What would happen if all your dreams came true, and your project grew from a small lab study into a commercial/industrial/medical product that was used by many people? We invite you to speculate broadly and discuss possibilities, rather than providing definite answers. Even if the product is "safe", please discuss possible risks and how they could be addressed, rather than simply saying that there are no risks at all.
  1. What new risks might arise from your project's growth? (Consider the categories of risk listed in parts a-d of the previous question: lab workers, the general public, the environment, and malicious mis-uses.) Also, what risks might arise if the knowledge you generate or the methodsyou develop became widely available?
    • Our project opens up possibilities for many applications of gene circuits, including targeted gene therapies and industrial bio-production. A bistable gene-targeting switch, if transferred to human cells or viral DNA, could be used to control gene expression in the human body. In fact, the Gersbach lab works on applications of CRISPR technology in these forms. A genetic switch like ours could permit therapies for genetic disorders, cancers, or other challenging diseases. However, a similar system could also be used to target healthy human cells, causing harm either maliciously or accidentally. Even if future versions of our switch do not contain these components, the models and principles that we are developing could help someone else to design a CRISPR switch that targets healthy human cells by controlling the expression of a key gene.

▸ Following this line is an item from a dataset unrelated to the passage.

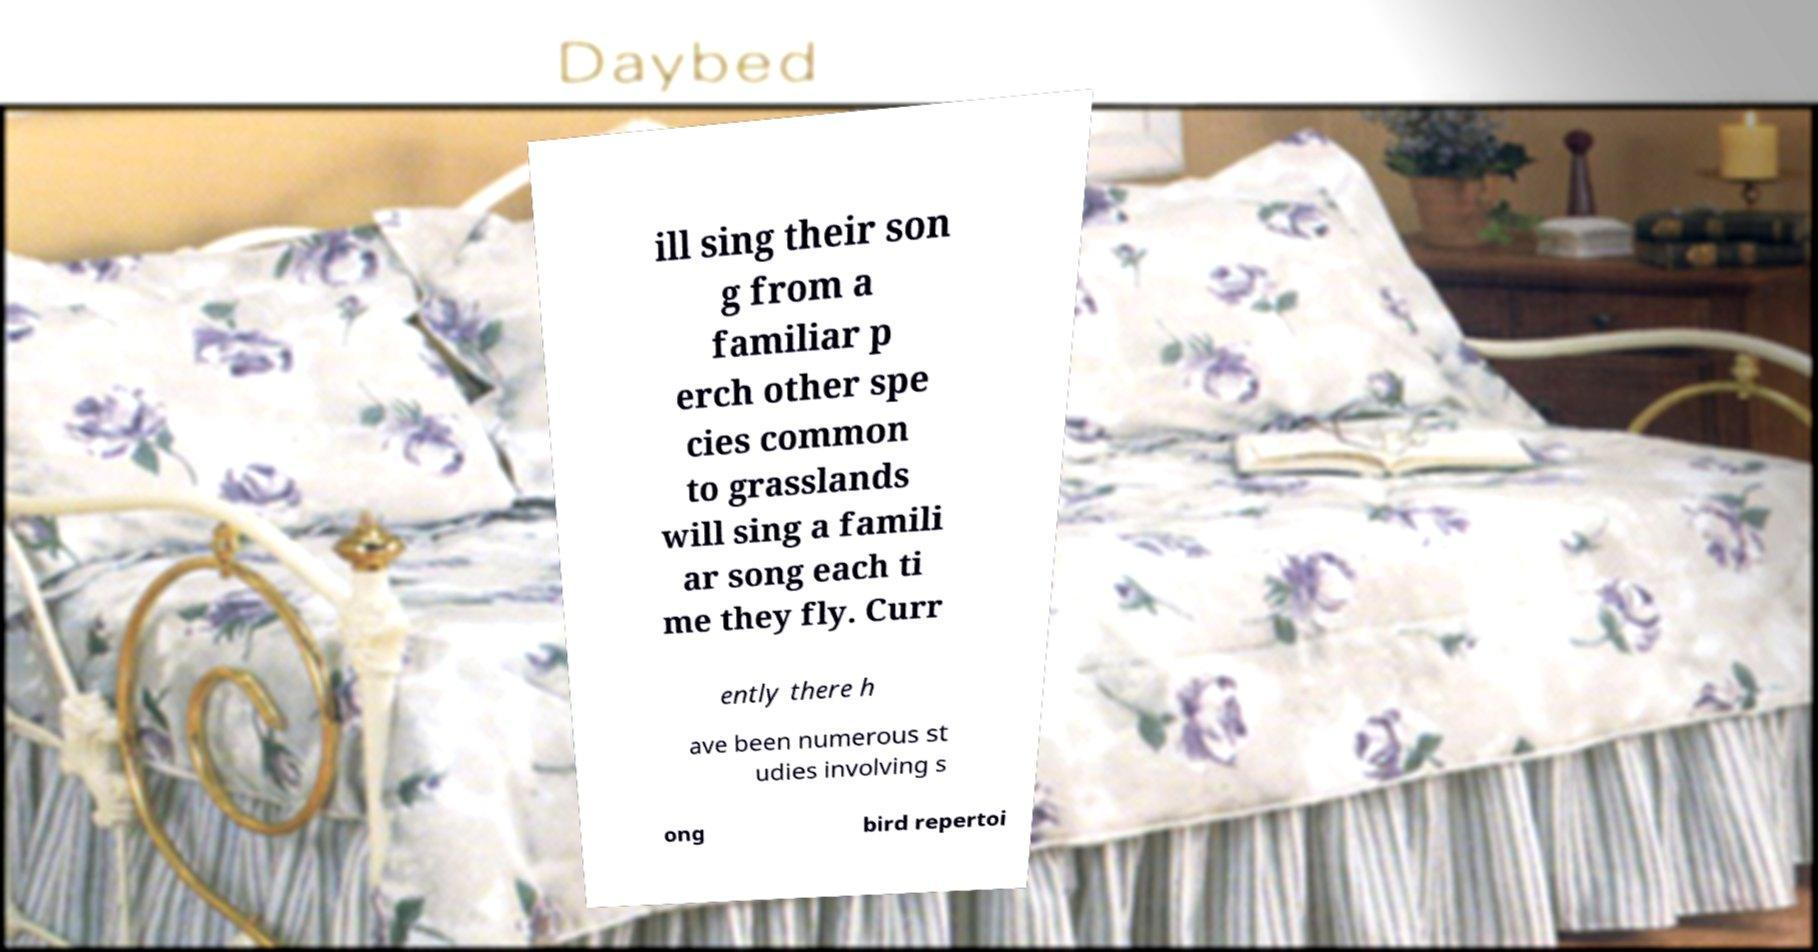Please read and relay the text visible in this image. What does it say? ill sing their son g from a familiar p erch other spe cies common to grasslands will sing a famili ar song each ti me they fly. Curr ently there h ave been numerous st udies involving s ong bird repertoi

  2. Does your project currently include any design features to reduce risks? Or, if you did all the future work to make your project grow into a popular product, would you plan to design any new features to minimize risks? (For example: auxotrophic chassis, physical containment, etc.) Such features are not required for an iGEM project, but many teams choose to explore them.
    • Our project itself is confined to a chassis that is relatively harmless, and our system in its current form is not compatible with human cells or viruses. If the system is ever translated into another more sensitive chassis, further precautions may have to be taken to protect and contain the relevant design information and physical samples. This may include a built-in way to disable the gene circuit, using some harmless inducer molecule, for example. We would also need a plan to prevent others from designing a malicious circuit using our methods and models, possibly by withholding key information on how the circuit is integrated into hosts.

Further comments

Our current project is highly theoretical and experimental, as we are primarily attempting to demonstrate a proof-of-concept approach to ultra-sensitive CRISPR circuits. As we obtain more results regarding the effectiveness of our basic models, we would like to take more time to consider possible applications of the system. This will lead us to have more specific thoughts on the risks of future developments in our project, and any precautions that would need to be taken.